How to choose between these two options? It all depends on how you will be processing your data after that. Some methods are considered “robust,” meaning they are not destabilized by outliers. For example, we will see below that the mean is very sensitive to outliers, while the median is not. So if you want to find a mean, create a sub-sample in which you don’t include outliers. But if you also want to calculate a median, work with the original sample.
What about Duplicates?
In our example, Samuel appears twice. That’s a problem, because this duplicate compromises the analysis, in particular by falsifying the sample’s average height.
Duplicates have to be removed. However, there is no precise rule for detecting them: you alone can find them, based on the structure of your data and your knowledge of how the data were collected. But sometimes, it will be impossible.
A little example: if your sample contains an “identifier” variable, then it’s easy to detect duplicates. They are the ones with the same identifier . In our example, we can consider the email address to be an individual’s identifier. In our example, the two rows containing the email address email@example.com constitute a duplicate.
Another example: Say you are analyzing temperature records from a small town. The town has two weather stations.
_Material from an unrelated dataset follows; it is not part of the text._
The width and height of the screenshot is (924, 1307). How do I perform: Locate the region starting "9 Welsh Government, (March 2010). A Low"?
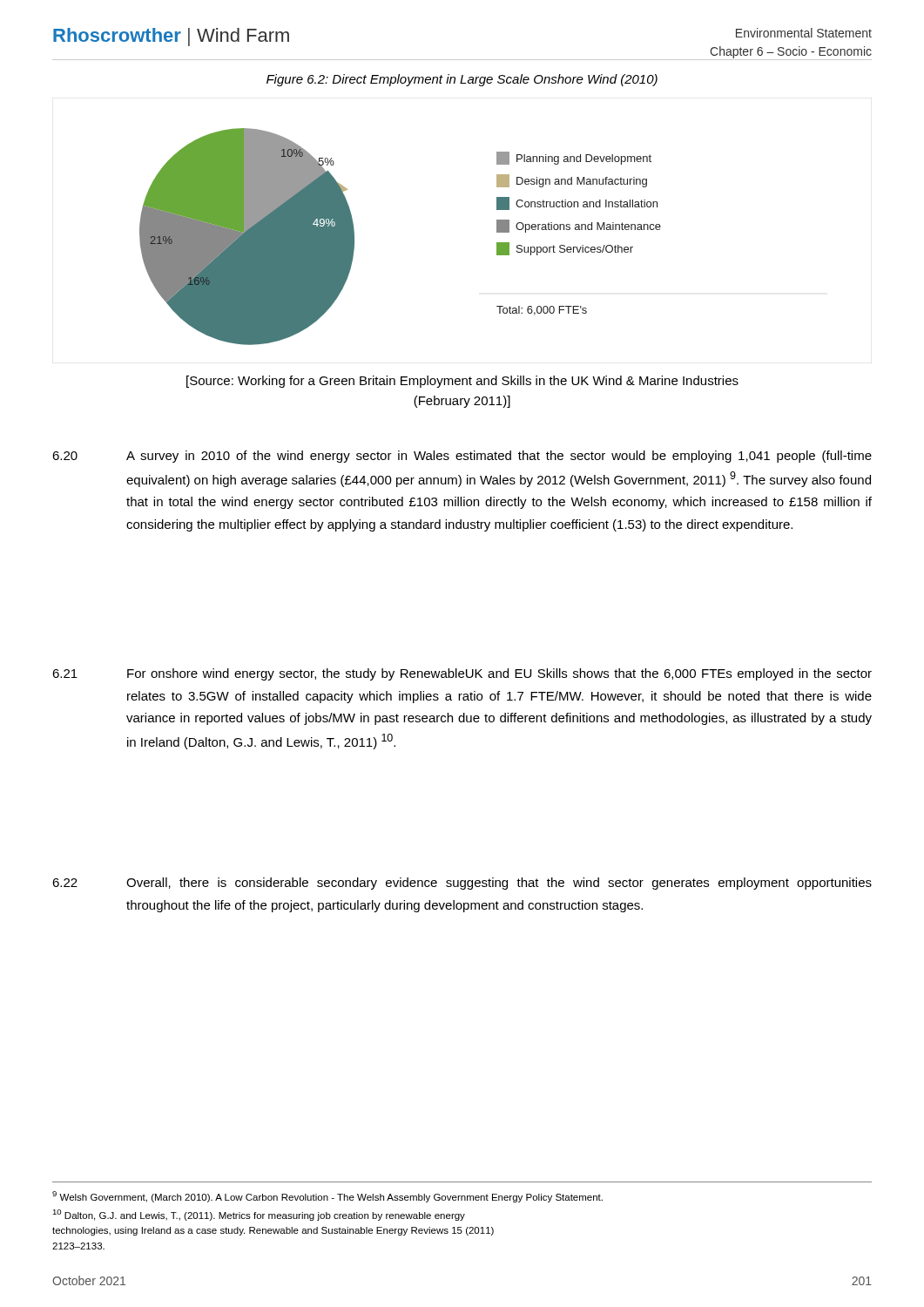[328, 1220]
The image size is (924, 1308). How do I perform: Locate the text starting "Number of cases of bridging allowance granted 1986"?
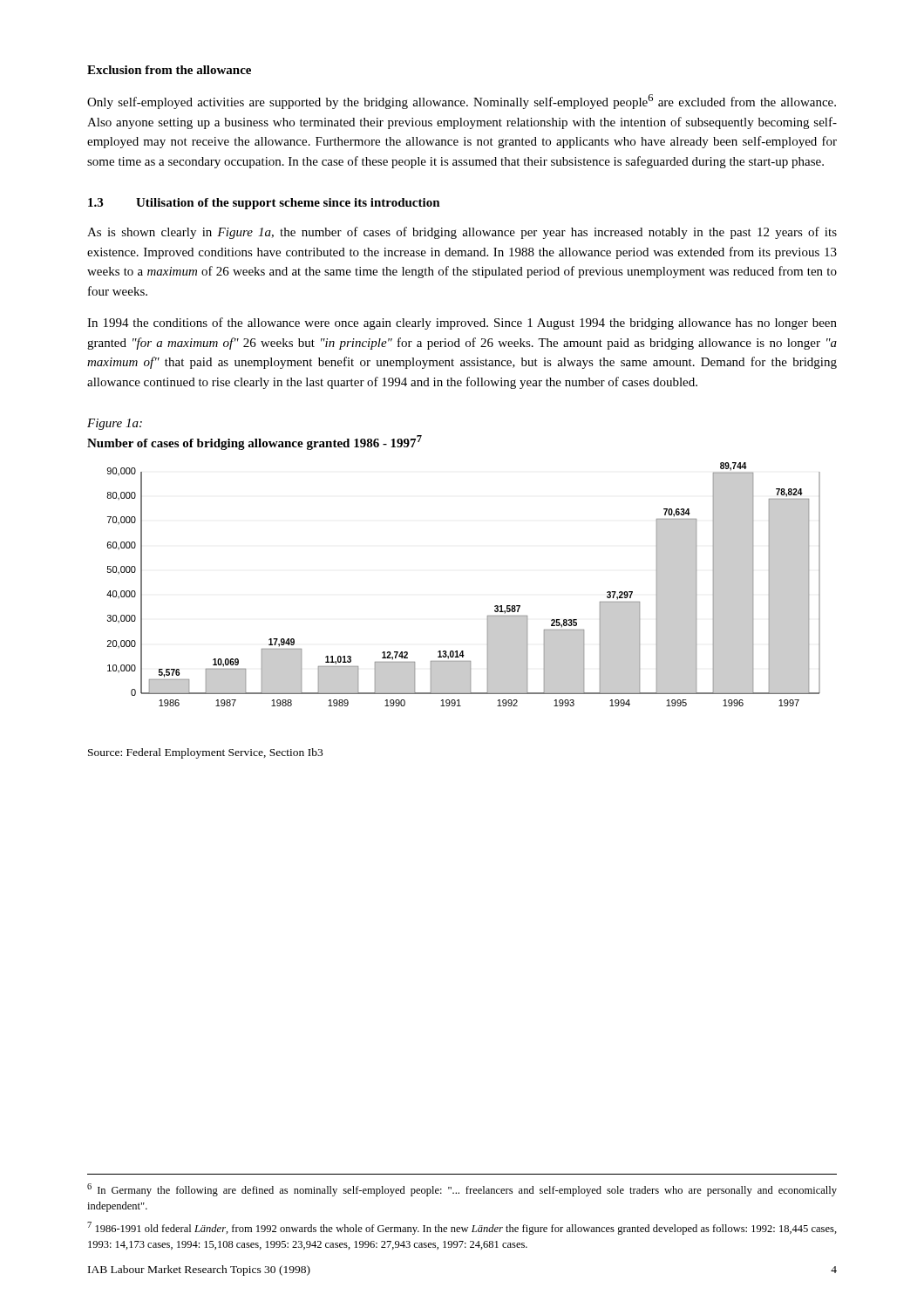pyautogui.click(x=254, y=441)

Station 1 operated for many years until January 15, 2019, and then was taken offline, due to age. Because this was expected, Station 2 had already been installed (in the same place) to take over for it. Station 2 began operating on January 2, 2019. Your sample is therefore made up of records from both stations. However, records made between January 2 and January 15 are duplicates, because both stations were operating at the same time. For each date in this interim period, therefore, you must delete one of the two records.
Yes but which of our two rows containing firstname.lastname@example.org do we delete? Do we just pick one at random?
Cases like this call for greater attention. It’s better, in fact, to group the duplicates in one row. Of the two rows in our sample, the first informs us that Samuel was born on 20/09/2001, and the second informs us that Samuel lives in Benin (information that is missing from the first row). The real problem has to do with the height: the first row tells us that Samuel is 1.67 meters tall, while the second tells us that he’s only 1.45 meters tall. That’s a contradiction. If there is no other means of verifying Samuel’s height, we can, for example, choose to take the mean of these two values.
Take It Further: The Consequences of Removing Individuals
Imagine a sample of people represented in the same form as in the last chapter:
Date of Birth
You decide to delete all of the dates of birth that don’t conform to the format day/month/year, which creates missing attributes for the date of birth variable. Then you decide to delete all of the rows (all of the individuals) that have a missing date of birth. You will probably end up removing all of the people who live in the United States, because their dates are expressed in a different format from those of French-speaking countries. If you then perform an analysis on the heights, your sample will no longer be representative, because people from the United States surely have a different average height than those of other countries.